When we think about the legalization of cannabis, we don’t immediately recognize how marijuana legalization affects commercial real estate. However, medical and recreational marijuana legalization has more of a direct impact on real estate than you may realize.
A survey by the National Association of REALTORS covering the last three years, shows that states where medical and recreational marijuana have been legalized, have seen an increase in demand for commercial properties. Here are some interesting statistics:
• 35% to 36% of commercial members in states where medical and recreational marijuana is legal have seen an increased demand in warehouses
• 23% of commercial members in states where medical and recreational marijuana is legal have seen an increased demand in storefronts
• 18% to 28% of commercial members in states where medical and recreational marijuana is legal have seen an increased demand in land
The survey revealed that there had been an increased demand for warehouses and land. The report further revealed that thirteen to twenty-two percent of commercial members had seen an increase in commercial property values near dispensaries. The uptick in demand and value can be explained by a rising number of entrepreneurs that are looking for opportunities in marijuana-related businesses.

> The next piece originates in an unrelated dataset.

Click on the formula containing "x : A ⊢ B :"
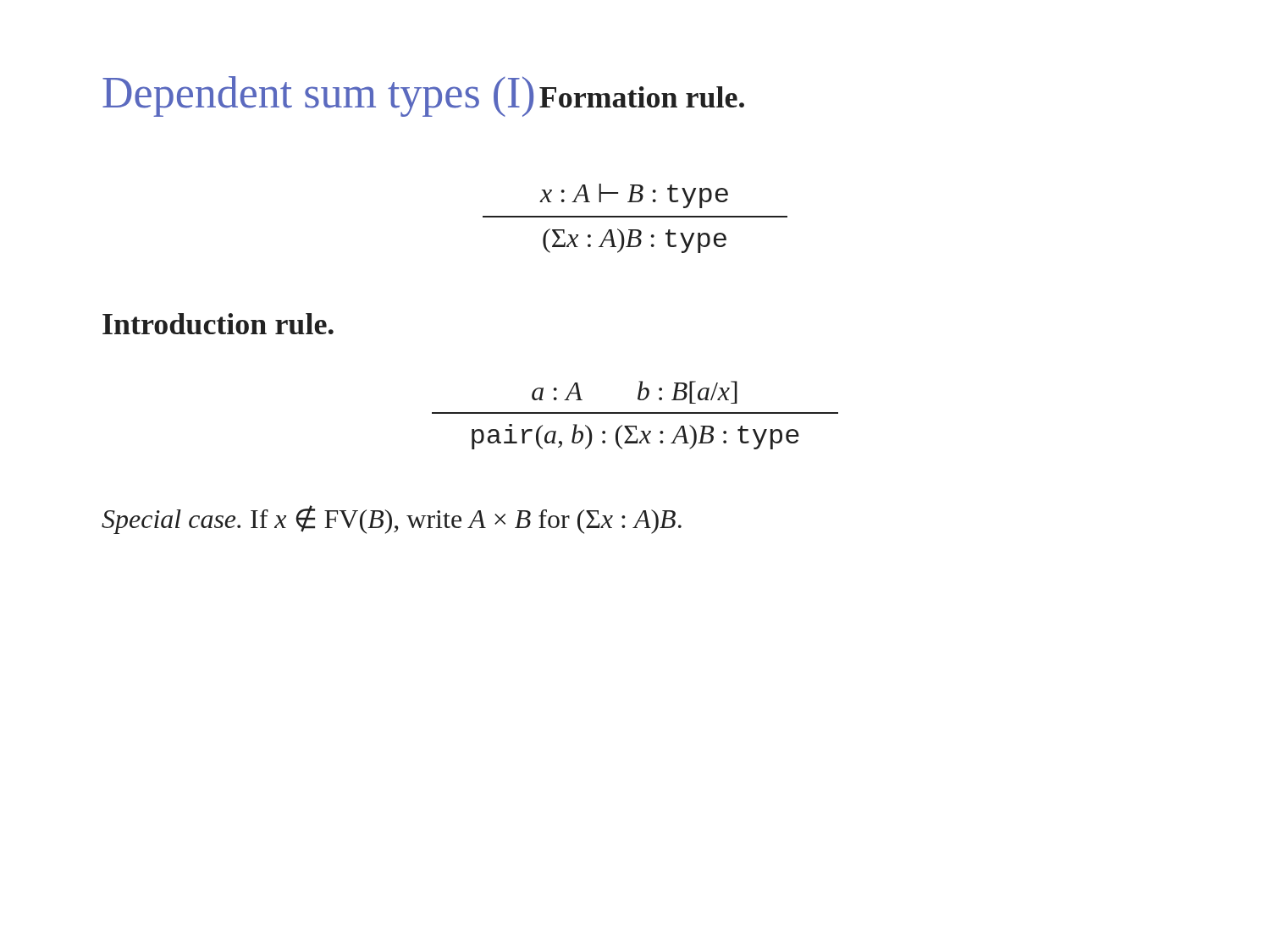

However, it’s also important to mention that 5% to 14% of commercial members from states that have legalized medical and recreational marijuana use have seen a decrease in commercial property values near dispensaries. It’s important to remember that marijuana, despite its legalization, still has a negative perception for some consumers. And not everyone is rushing to open a store or live in an establishment that sells cannabis, regardless of whether it’s legal. The most common issue that some people have is the smell, followed by a fear that the business will be more prone to fire hazards and crime.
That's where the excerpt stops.